First determine the groups (step 4) then it will be trivial to find the first date (step 5) and to attach your flag to the last observation in a group(step 3).

 

 

Merdock
Quartz | Level 8

We are looking for end dates within the same subject/AESOCCALC/AEPTCALC/temporary_suppae_qval_ctcae/temporary_ae_aeterm group. So, for example let's say we have a subject with 3 records for Skin rash. The first 2 records have end date=31MAY2023 but the last one has end date missing. In that case, we'd carry forward the 31MAY2023 end date for the last record.
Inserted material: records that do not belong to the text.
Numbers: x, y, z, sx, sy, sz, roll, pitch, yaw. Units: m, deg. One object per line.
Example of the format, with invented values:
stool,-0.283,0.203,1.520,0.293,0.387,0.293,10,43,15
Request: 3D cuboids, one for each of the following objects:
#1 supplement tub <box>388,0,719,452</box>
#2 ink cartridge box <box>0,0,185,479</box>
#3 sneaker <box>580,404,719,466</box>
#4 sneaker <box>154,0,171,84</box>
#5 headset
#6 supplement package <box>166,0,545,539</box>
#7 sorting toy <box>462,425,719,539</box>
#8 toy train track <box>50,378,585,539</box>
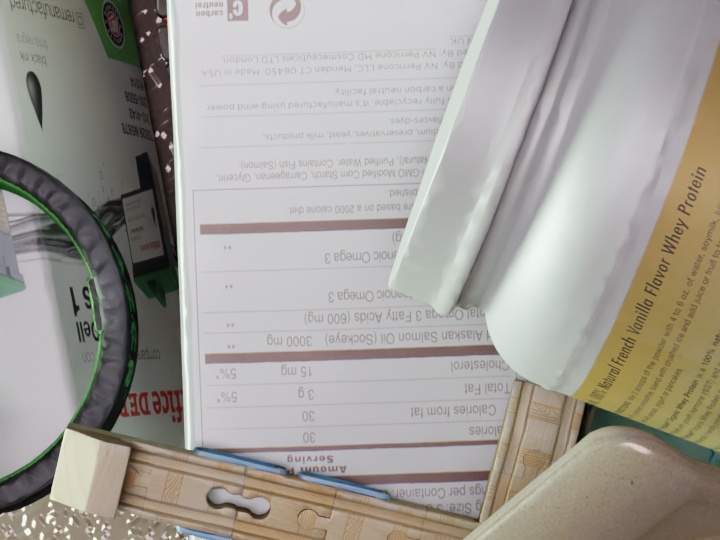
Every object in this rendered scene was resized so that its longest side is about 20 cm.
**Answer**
supplement tub,0.121,-0.017,0.786,0.200,0.144,0.145,20,95,-1
ink cartridge box,-0.129,-0.017,1.011,0.084,0.146,0.200,-13,87,15
sneaker,0.158,0.018,0.962,0.200,0.082,0.074,-34,80,13
sneaker,-0.024,-0.133,1.021,0.087,0.074,0.201,3,90,14
headset,-0.172,0.029,0.923,0.200,0.094,0.124,-10,83,1
supplement package,0.000,0.000,0.914,0.117,0.117,0.200,-2,97,0
sorting toy,0.084,0.133,0.841,0.185,0.200,0.037,-42,47,25
toy train track,0.004,0.083,0.847,0.200,0.033,0.115,14,98,-3

So you carry forward the non-missing end date as long as it's for the same subject/AESOCCALC/AEPTCALC/temporary_suppae_qval_ctcae/temporary_ae_aeterm group, and as long as the start date for the record with the non-missing end date is the same as the start date for the record with the missing end date.
Regarding the aegroup determination, the LASTEVENTFL has to be created first since aegroup determination depends on LASTEVENTFL. Hopefully that makes more sense.

Tom
Super User Tom
Super User

LOCF is easy to implement using the UDPATE statement.

 

I don't like to re-type long list of variable names so let's put that list into a macro variable.
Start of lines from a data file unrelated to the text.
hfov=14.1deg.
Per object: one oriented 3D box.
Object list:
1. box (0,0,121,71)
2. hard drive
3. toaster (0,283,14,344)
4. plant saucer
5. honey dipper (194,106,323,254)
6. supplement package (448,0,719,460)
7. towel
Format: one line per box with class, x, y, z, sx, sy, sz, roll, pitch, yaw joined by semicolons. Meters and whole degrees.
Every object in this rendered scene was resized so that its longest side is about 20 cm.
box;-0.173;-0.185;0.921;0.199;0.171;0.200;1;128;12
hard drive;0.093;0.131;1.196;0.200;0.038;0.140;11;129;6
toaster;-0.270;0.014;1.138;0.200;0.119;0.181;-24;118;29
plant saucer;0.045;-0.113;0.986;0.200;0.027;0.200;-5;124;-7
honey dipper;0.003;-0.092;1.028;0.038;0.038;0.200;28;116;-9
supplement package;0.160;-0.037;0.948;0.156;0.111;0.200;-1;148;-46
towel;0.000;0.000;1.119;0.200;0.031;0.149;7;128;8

%let keys=subject aesoccalc aeptcalc
 temporary_suppae_qval_ctcae temporary_ae_aeterm 
;

proc sort data=sample_input out=step1;
  BY &keys aestdat visno recordid ;
run;

data step2;
  update step1(obs=0) step1;
  by &keys aestdat;
  output;
run;

But that will not back fill the missing dates that appeared first in a group.

 

You could fix that by changing the SORT ORDER so a non missing end date (if one exists) appears on the first observation.
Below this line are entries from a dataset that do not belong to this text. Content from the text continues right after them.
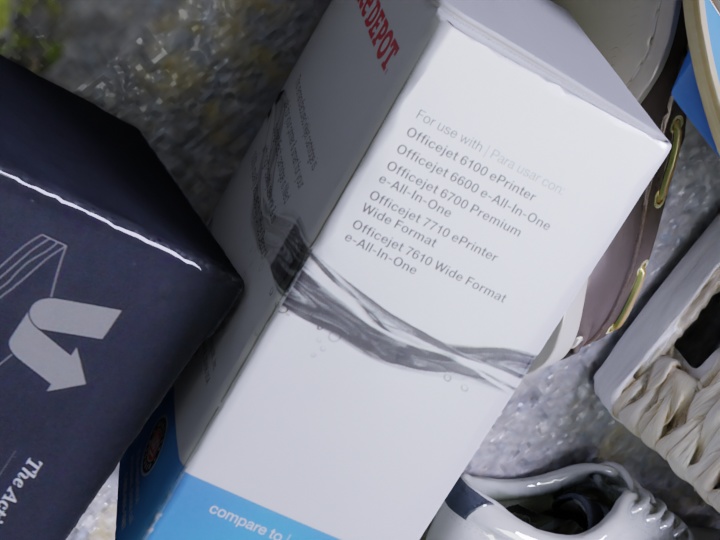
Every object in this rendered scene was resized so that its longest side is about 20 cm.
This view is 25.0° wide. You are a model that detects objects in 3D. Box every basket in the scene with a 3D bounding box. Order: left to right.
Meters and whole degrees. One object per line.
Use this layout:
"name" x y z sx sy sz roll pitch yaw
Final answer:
"basket" 0.227 0.067 0.723 0.199 0.123 0.136 29 104 -38

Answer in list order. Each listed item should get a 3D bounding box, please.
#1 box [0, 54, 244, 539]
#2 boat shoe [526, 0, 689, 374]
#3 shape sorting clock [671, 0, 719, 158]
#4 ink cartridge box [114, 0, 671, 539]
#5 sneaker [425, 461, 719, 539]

proc sort data=sample_input out=step1;
  by &keys aestdat descending aeendat ;
run;

 

If there are other variables (like the VISNO and RECORDID variable you mentioned) that you do not want carried forward then add an extra SET statement to re-read the observation after the UPDATE and before the OUTPUT.

 

For example to only carry forward AEENDAT you could use:

data step2;
  update step1(obs=0) step1;
  by &keys aestdat;
  set step1(drop=aeendat);
  output;
run;

 

Note the LOCF logic will not handle the cases where there are multiple different AEENDAT values for the same start date.  For that you need to summarize first and then use the new summary variable instead of the original variable.  So assuming you want to use the MAX AEENDAT in that case your code for step2 might look like this.

data step2;
  do until(last.aestdat);
    set step1;
    by &keys aestdat;
    max_end = max(max_end,aeendat);
  end;
  do until(last.aestdat);
    set step1;
    by &keys aestdat;
    aeendat=max_end;
    output;
  end;
  drop max_end;
run;

 

Once you have consistent AESTDAT and AEENDAT values then calculating the AEGROUP variable is simple and does not require any look ahead.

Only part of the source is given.